The International Maritime Rescue Federation (IMRF) mentioned that building capability rather than reacting to tragedy should be the priority for maritime search and rescue (SAR), in a statement delivered at the World Humanitarian Summit
The IMRF supports the UN Secretary General Ban Ki-Moon’s push to find solutions to the widening funding gap and to move investment from external crisis intervention to providing local and national SAR response capability to manage the initial response and structure plans to escalate efforts with international support.
As IMRF, CEO Bruce Reid explains:
“Not all humanitarian crises can be planned and managed for, but many have common characteristics and one is the lack of sophistication in local and national SAR coordination.For the maritime interventions we need to see countries develop greater co-ordination capability – one of the most important aims of the International Maritime Organisation’s (IMO) Global SAR plan.”
At the Summit, the international charity that aims to prevent loss of life in the world’s waters, called for the promotion, formation and development of maritime search and rescue services across the world at the World Humanitarian Summit.

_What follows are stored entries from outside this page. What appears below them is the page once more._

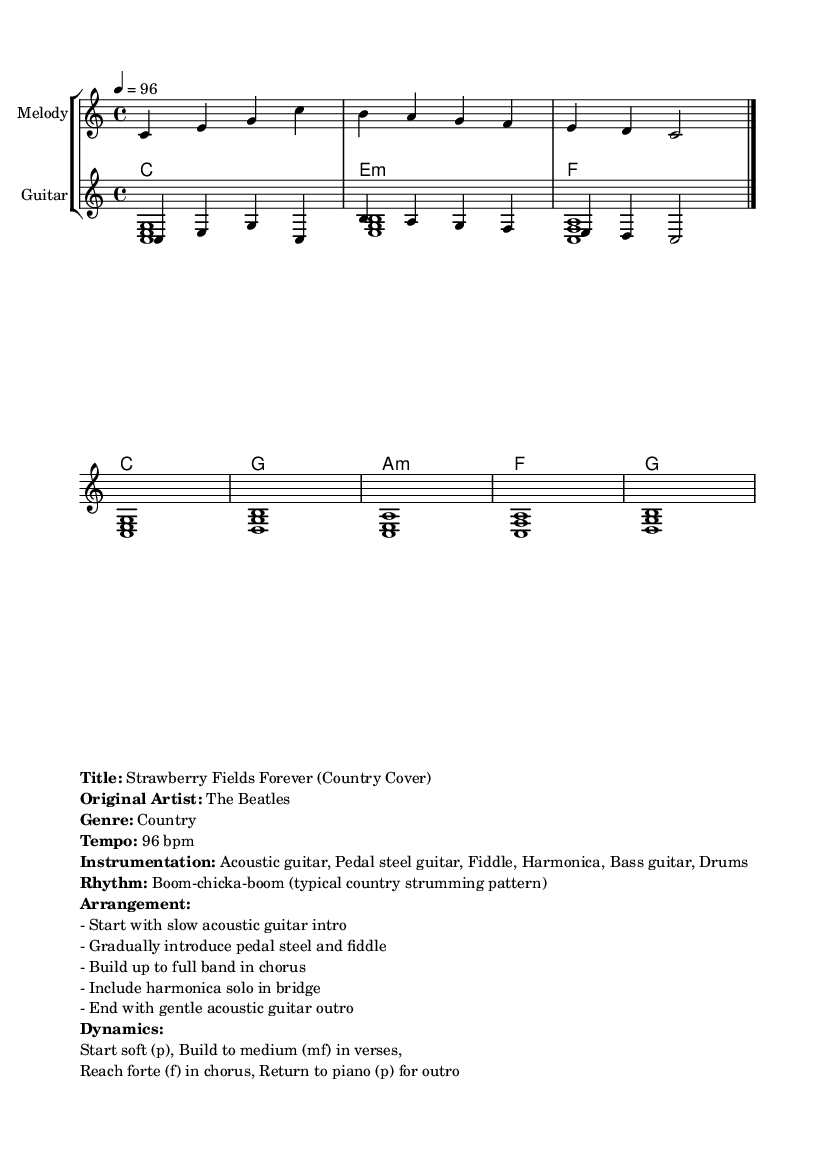What is the key signature of this music? The key signature is C major, which has no sharps or flats.
Answer: C major What is the time signature of this music? The time signature indicates that there are four beats per measure, which is denoted as 4/4.
Answer: 4/4 What is the tempo of this piece? The tempo marking is provided as 4 = 96, indicating the piece should be played at 96 beats per minute.
Answer: 96 bpm What instruments are featured in this arrangement? The instrumentation lists acoustic guitar, pedal steel guitar, fiddle, harmonica, bass guitar, and drums as the primary instruments used in the arrangement.
Answer: Acoustic guitar, Pedal steel guitar, Fiddle, Harmonica, Bass guitar, Drums How does the dynamics progress in this piece? The dynamics start softly (p), build to a medium volume (mf) in the verses, reach a loud volume (f) in the chorus, and return to soft (p) for the outro.
Answer: p, mf, f, p What is the characteristic strumming pattern mentioned for this country cover? The rhythm used is described as a "boom-chicka-boom" pattern, which is typical of country music.
Answer: Boom-chicka-boom In what section does the harmonica solo occur? The arrangement specifies that the harmonica solo takes place in the bridge section of the song.
Answer: Bridge 
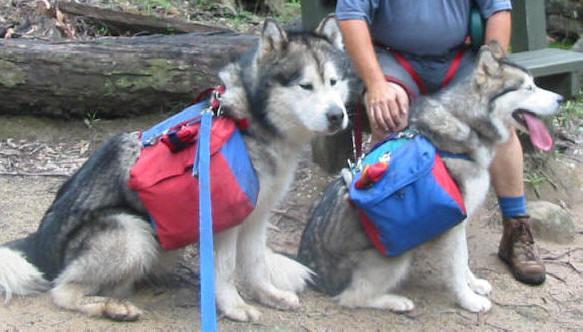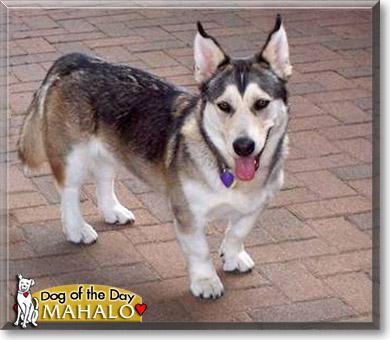The first image is the image on the left, the second image is the image on the right. Considering the images on both sides, is "At least one of the dogs does not have a backpack on its back." valid? Answer yes or no. Yes. The first image is the image on the left, the second image is the image on the right. Considering the images on both sides, is "In the left image, two furry dogs are seen wearing packs on their backs." valid? Answer yes or no. Yes.

The commitment to rescue any person in distress at sea is long-standing and internationally agreed and the IMRF, representing 114 organisations spanning 48 countries, offered both a call, and a commitment, to action at the Summit.

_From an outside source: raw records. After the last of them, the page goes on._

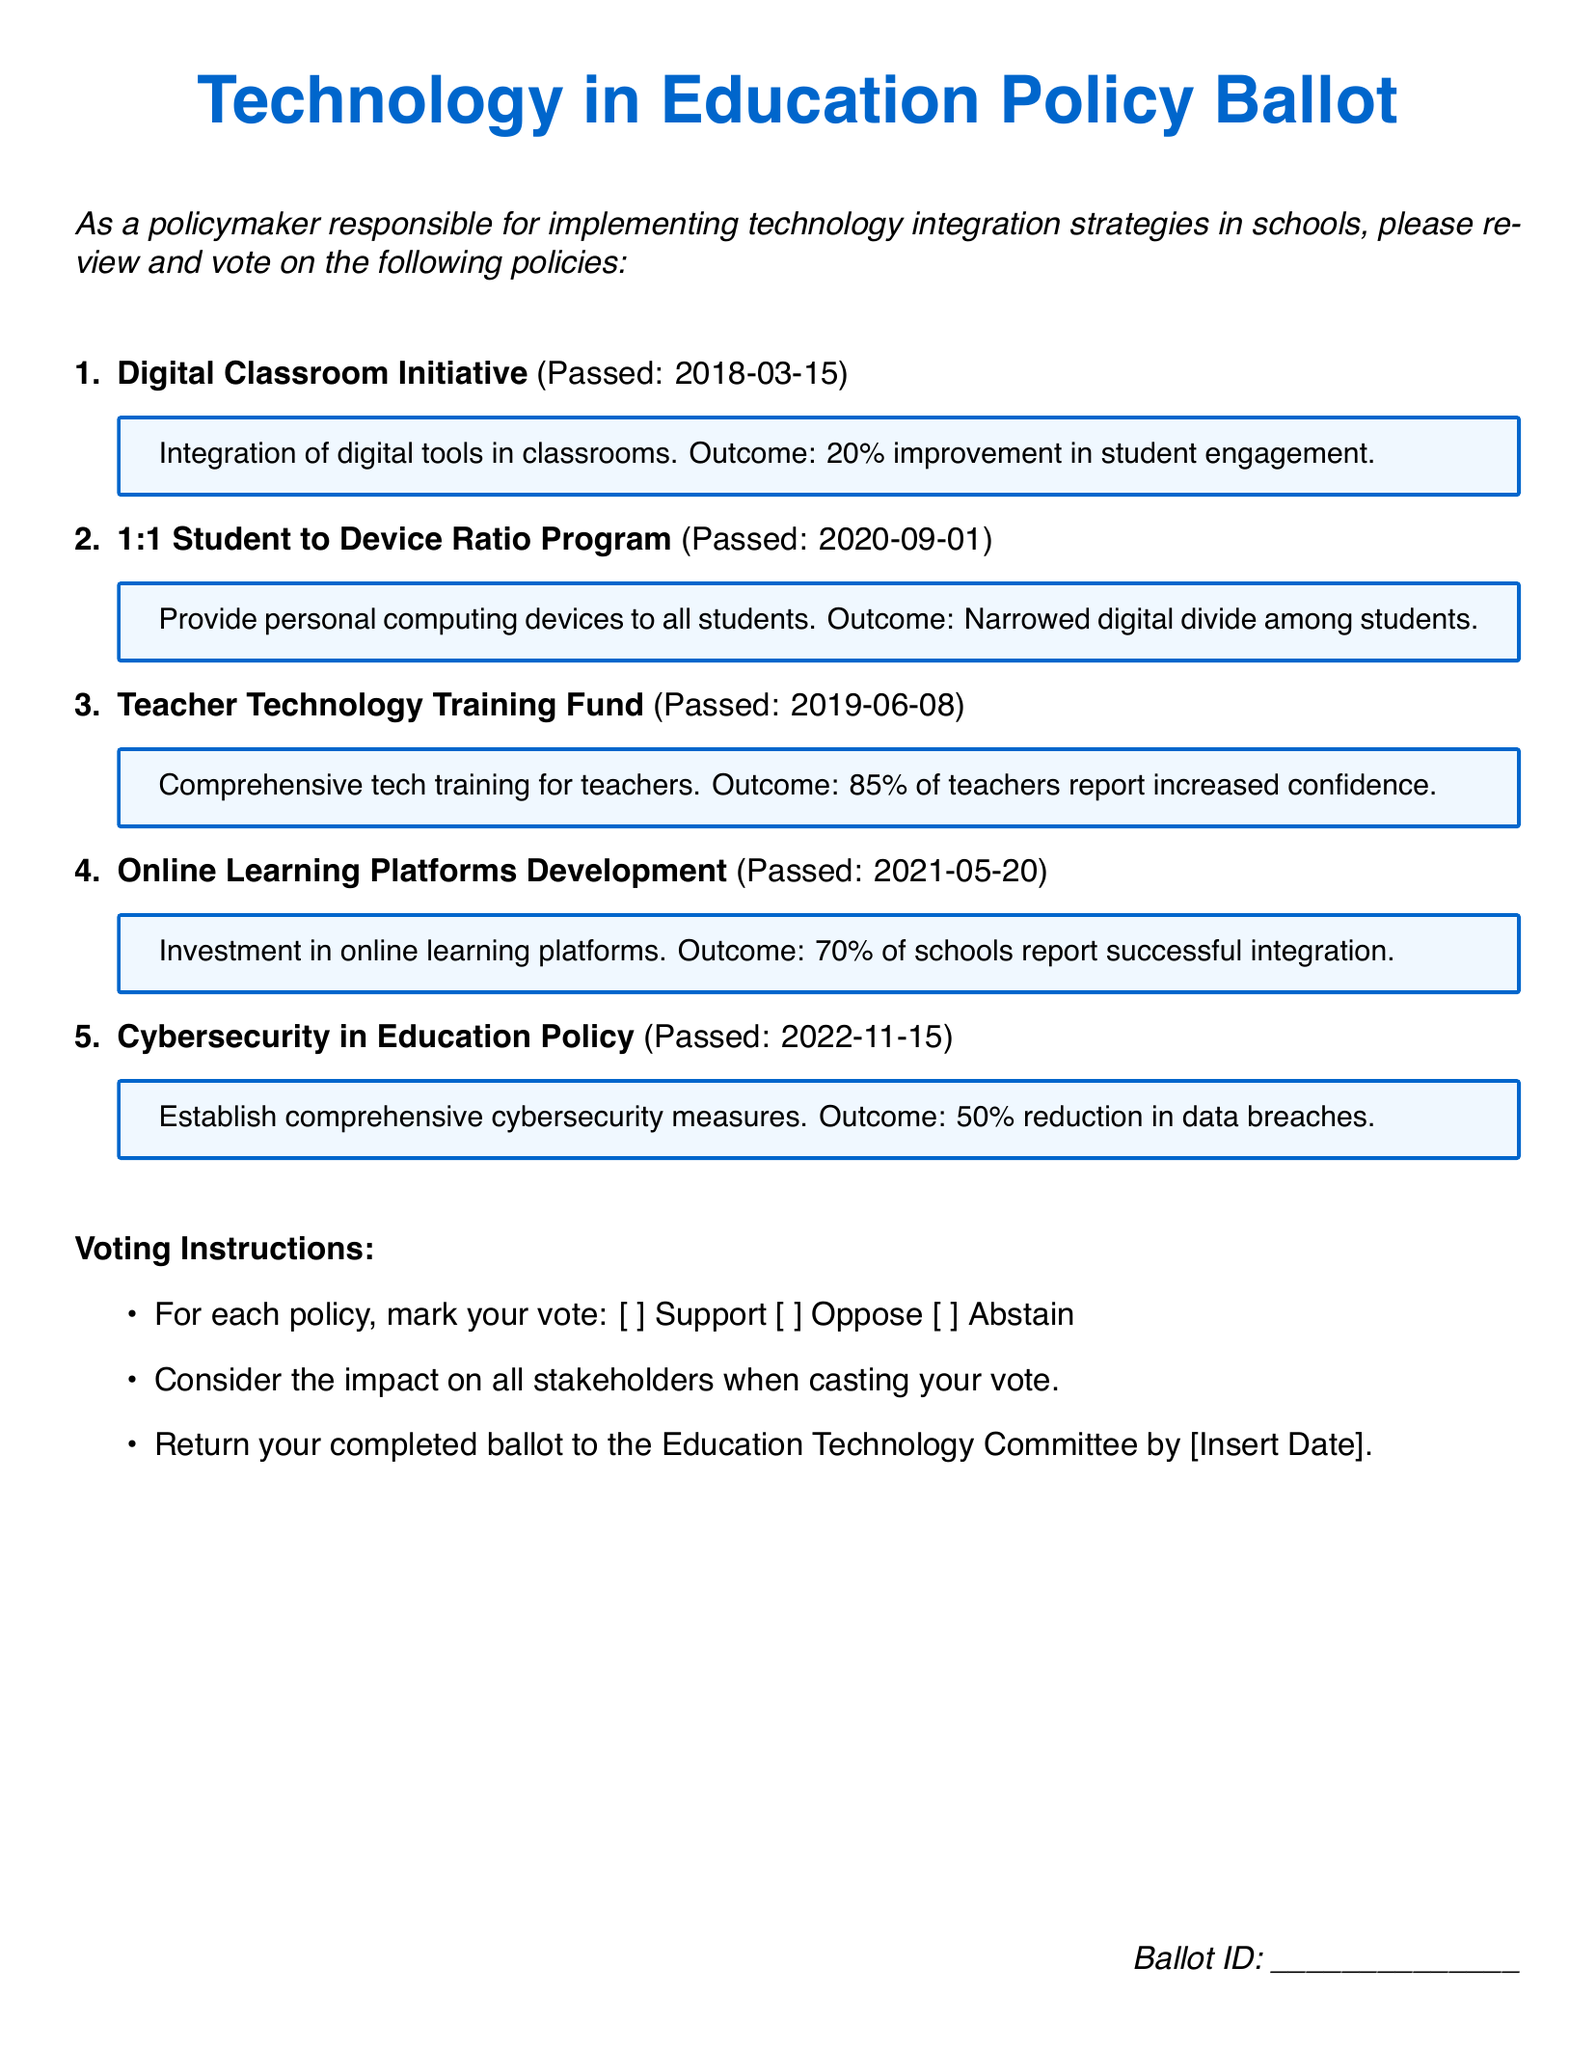What is the title of the first policy? The title of the first policy is listed at the beginning of the respective section.
Answer: Digital Classroom Initiative What is the outcome of the 1:1 Student to Device Ratio Program? The outcome is described in a bullet point following the policy details.
Answer: Narrowed digital divide among students When was the Teacher Technology Training Fund passed? The date of passage is included in parentheses next to the policy title.
Answer: 2019-06-08 What percentage of teachers reported increased confidence after the training? The percentage is stated in the outcome section of the respective policy.
Answer: 85% What is the voting instruction for each policy? The specific instruction is provided in the voting instructions section.
Answer: Mark your vote: Support, Oppose, Abstain What reduced by 50% according to the Cybersecurity in Education Policy? The result of implementing the policy is mentioned in the outcome part of the policy description.
Answer: Data breaches Which policy was passed most recently? The latest date found among the policies indicates which one is the most recent.
Answer: Cybersecurity in Education Policy What does the Digital Classroom Initiative aim to improve? The goal of the initiative is summarized in the outcome description.
Answer: Student engagement What color is used for the background of the policy box? The color of the policy box background is noted in the document.
Answer: Light blue (boxcolor)

Specifically, the IMRF committed to:
• Champion the completion of the International Maritime Organization’s Global Search and Rescue Plan; supporting Governments and Search & Rescue organisations internationally to deliver an integrated sea rescue service.

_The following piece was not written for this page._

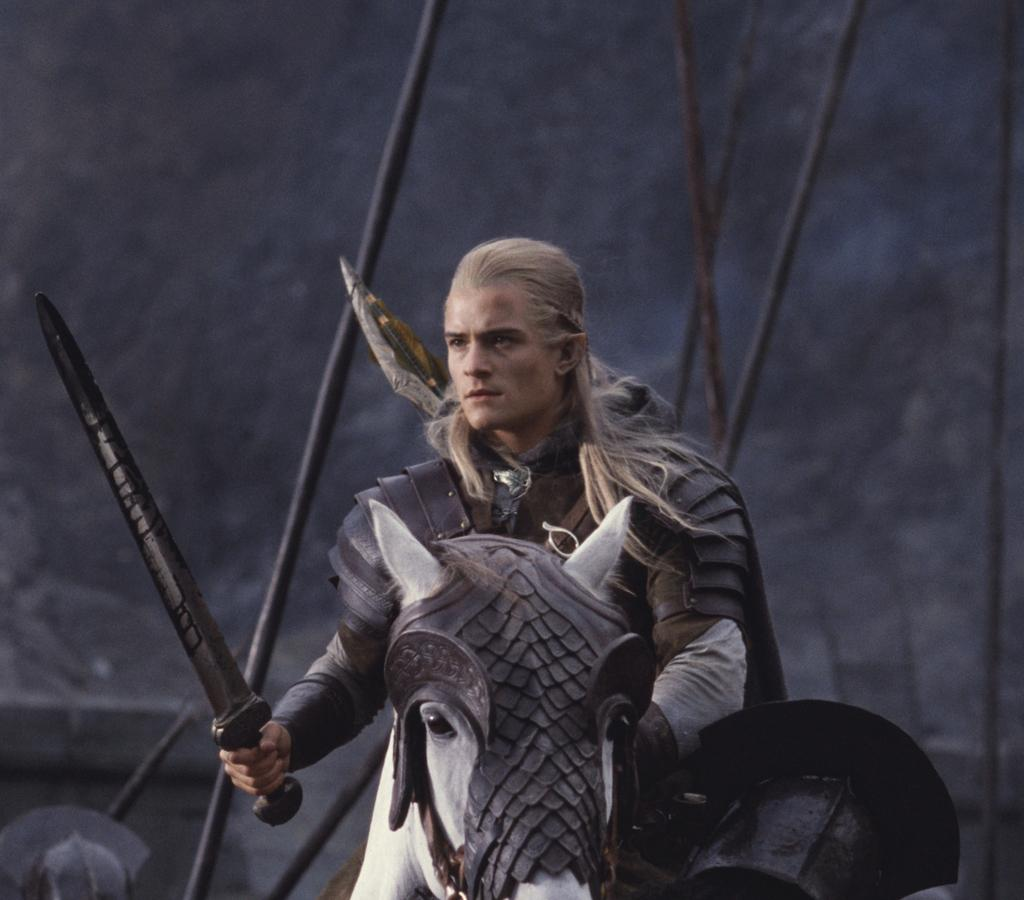What is the main subject of the image? There is a person in the image. What is the person wearing? The person is wearing clothes. What is the person holding in their hand? The person is holding a sword in their hand. What is the person sitting on? The person is sitting on a horse. What can be seen in the background of the image? The background of the image is grayish dark. Can you see any sail or seashore in the image? No, there is no sail or seashore present in the image. What type of attraction is the person visiting in the image? There is no indication of an attraction in the image; it primarily features a person sitting on a horse with a sword.

• Assist in building improved and fully coordinated response capability in areas of high risk; reducing the global drowning death toll of migrants, notably in the Aegean and Eastern Mediterranean, by convening sea Search & Rescue actors to provide vessels, training and equipment – resulting in permanently strengthened local capability.
• Offer an international forum for dialogue on, and delivery of, sea rescue; inviting national and international humanitarian actors to explore innovative and higher-impact action.
Helen Morten, Head of International Advocacy at RNLI, delivered the following statement to the chamber on behalf of the IMRF:
“Every life lost at sea is a tragedy. A tragedy heightened, given the long-standing, internationally agreed commitment to rescue any person in distress at sea. Irrespective of circumstance,whether a Syrian family seeking asylum, mixed migrants leaving Libyan shores or a Rohingyan refugee, every person in peril at sea should be rescued and transferred to safety. This is not simply a moral conviction but an internationally agreed commitment. In the past 18 months, 5127 migrants –men, women and children – have gone missing, believed drowned, and the number of people making the Mediterranean crossing is unprecedented. Never has there been a more urgent need for the international community to cooperate. Simply, sea rescue must now be recognised, and resourced, as a priority humanitarian intervention.”
“Tackling this growing problem can only be helped through close co-operation along with the right equipment and training and the completion of the International Maritime Organisation’s Global Search and Rescue Plan.”